Verschluss – Klemme schlägt Drehverschluss

Drehverschlüsse sitzen im Inneren, sind kompakter und leichter, können aber bei Dreck und Feuchtigkeit durchrutschen. Für regelmäßige Bergtouren – besonders wenn auch mal Schnee oder Matsch im Spiel ist – ist die Klemmung die zuverlässigere Wahl.
Pflege nach der Tour
Wanderstöcke sind pflegeleicht, aber nicht wartungsfrei.

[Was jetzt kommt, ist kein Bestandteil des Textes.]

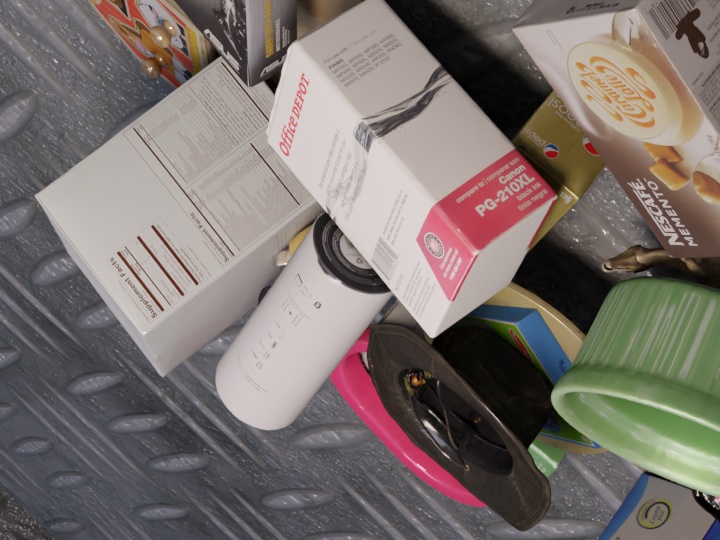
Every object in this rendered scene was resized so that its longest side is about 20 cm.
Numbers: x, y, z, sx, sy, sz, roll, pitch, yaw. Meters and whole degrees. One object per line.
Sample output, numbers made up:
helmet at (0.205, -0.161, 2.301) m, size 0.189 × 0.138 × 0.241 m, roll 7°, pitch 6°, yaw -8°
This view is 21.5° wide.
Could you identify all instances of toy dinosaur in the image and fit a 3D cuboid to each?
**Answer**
toy dinosaur at (0.272, 0.005, 1.334) m, size 0.199 × 0.058 × 0.101 m, roll 22°, pitch 164°, yaw 10°

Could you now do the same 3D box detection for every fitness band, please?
fitness band at (0.052, 0.127, 1.660) m, size 0.200 × 0.037 × 0.143 m, roll 49°, pitch 156°, yaw -14°

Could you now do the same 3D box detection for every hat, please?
hat at (0.094, 0.100, 1.460) m, size 0.201 × 0.081 × 0.201 m, roll 43°, pitch 157°, yaw 23°

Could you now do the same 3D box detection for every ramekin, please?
ramekin at (0.245, 0.085, 1.349) m, size 0.199 × 0.098 × 0.200 m, roll 23°, pitch 165°, yaw 6°

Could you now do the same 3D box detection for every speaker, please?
speaker at (-0.042, 0.041, 1.470) m, size 0.081 × 0.081 × 0.200 m, roll 38°, pitch 135°, yaw 2°

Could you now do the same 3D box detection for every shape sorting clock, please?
shape sorting clock at (0.128, 0.071, 1.503) m, size 0.200 × 0.039 × 0.200 m, roll 36°, pitch 156°, yaw 18°

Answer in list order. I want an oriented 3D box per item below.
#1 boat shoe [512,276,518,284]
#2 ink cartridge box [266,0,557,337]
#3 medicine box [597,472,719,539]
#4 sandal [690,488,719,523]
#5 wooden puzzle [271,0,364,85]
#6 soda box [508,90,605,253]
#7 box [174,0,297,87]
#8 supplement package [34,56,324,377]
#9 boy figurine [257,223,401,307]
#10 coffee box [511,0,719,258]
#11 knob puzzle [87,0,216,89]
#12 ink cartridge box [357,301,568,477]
boat shoe at (0.078, 0.001, 1.576) m, size 0.070 × 0.071 × 0.201 m, roll 29°, pitch 153°, yaw 43°
ink cartridge box at (0.031, -0.074, 1.351) m, size 0.200 × 0.084 × 0.145 m, roll 50°, pitch 156°, yaw 14°
medicine box at (0.274, 0.319, 1.696) m, size 0.103 × 0.182 × 0.200 m, roll 15°, pitch 147°, yaw 42°
sandal at (0.301, 0.186, 1.595) m, size 0.199 × 0.045 × 0.075 m, roll 26°, pitch 153°, yaw 28°
wooden puzzle at (-0.006, -0.156, 1.467) m, size 0.200 × 0.037 × 0.185 m, roll 42°, pitch 156°, yaw -17°
soda box at (0.121, -0.059, 1.402) m, size 0.064 × 0.068 × 0.200 m, roll 39°, pitch 156°, yaw 2°
box at (-0.120, -0.252, 1.370) m, size 0.200 × 0.048 × 0.159 m, roll 50°, pitch 161°, yaw 21°
supplement package at (-0.135, -0.044, 1.561) m, size 0.147 × 0.200 × 0.191 m, roll 51°, pitch 171°, yaw 10°
boy figurine at (0.000, 0.000, 1.523) m, size 0.124 × 0.065 × 0.200 m, roll 23°, pitch 142°, yaw -26°
coffee box at (0.202, -0.106, 1.187) m, size 0.114 × 0.080 × 0.200 m, roll 2°, pitch 136°, yaw 54°
knob puzzle at (-0.200, -0.217, 1.603) m, size 0.219 × 0.030 × 0.220 m, roll 42°, pitch 165°, yaw 13°
ink cartridge box at (0.098, 0.105, 1.698) m, size 0.200 × 0.088 × 0.145 m, roll 37°, pitch 155°, yaw 4°
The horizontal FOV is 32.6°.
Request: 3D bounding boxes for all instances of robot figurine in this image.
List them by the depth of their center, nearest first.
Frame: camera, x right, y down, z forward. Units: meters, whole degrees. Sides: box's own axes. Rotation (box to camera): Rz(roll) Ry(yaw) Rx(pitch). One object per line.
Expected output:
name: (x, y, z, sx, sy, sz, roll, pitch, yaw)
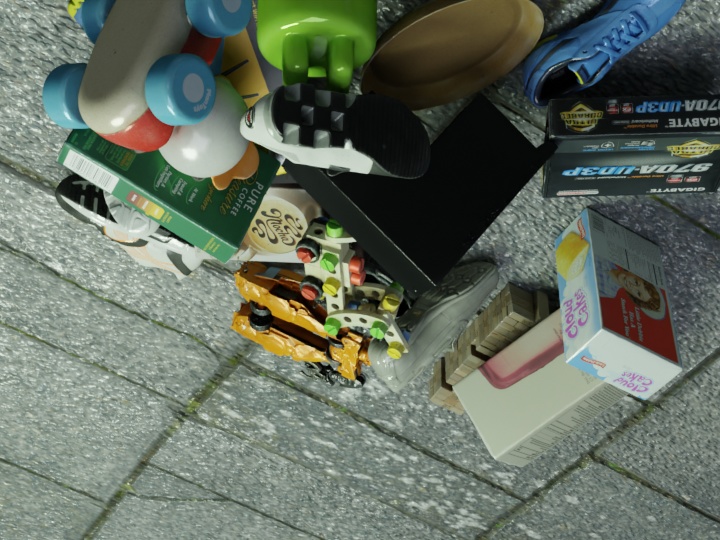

Nach jeder Tour Schmutz und Feuchtigkeit entfernen und die Verschlüsse offen trocknen lassen. Bei Teleskopstöcken die Segmente auseinanderziehen, damit sich innen kein Kondenswasser sammelt – stehende Feuchtigkeit greift auf Dauer die Klemmmechanismen an. Klemmen und Gewinde gelegentlich auf festen Sitz prüfen.
- Teleskop für maximale Verstellbarkeit, Faltstock für kleinstes Packmaß und schnelles Verstauen
- Aluminium für raues Gelände und Budget – verbiegt statt zu brechen. Carbon für lange Strecken – leichter, aber empfindlicher
- Korkgriff für lange Touren, EVA fürs Mittelklasse-Segment – verlängerte Griffzone spart ständiges Nachjustieren
- Grundlänge: Körpergröße mal 0,68–0,70, bergauf kürzer, bergab länger
- Klemmverschluss bevorzugen – zuverlässiger bei Dreck, Kälte und Handschuhen
- Nach der Tour Segmente trennen, trocknen lassen, Verschlüsse auf festen Sitz prüfen
Ob Tageswanderung im Mittelgebirge oder dreiwöchiger Trek in den Alpen – mit dem richtigen Stock gehst du bergab so entspannt wie bergauf. Und wenn du dich nicht entscheiden kannst: Ein solider Alu-Teleskopstock deckt das breiteste Spektrum ab und ist der Einstieg, den die wenigsten bereuen.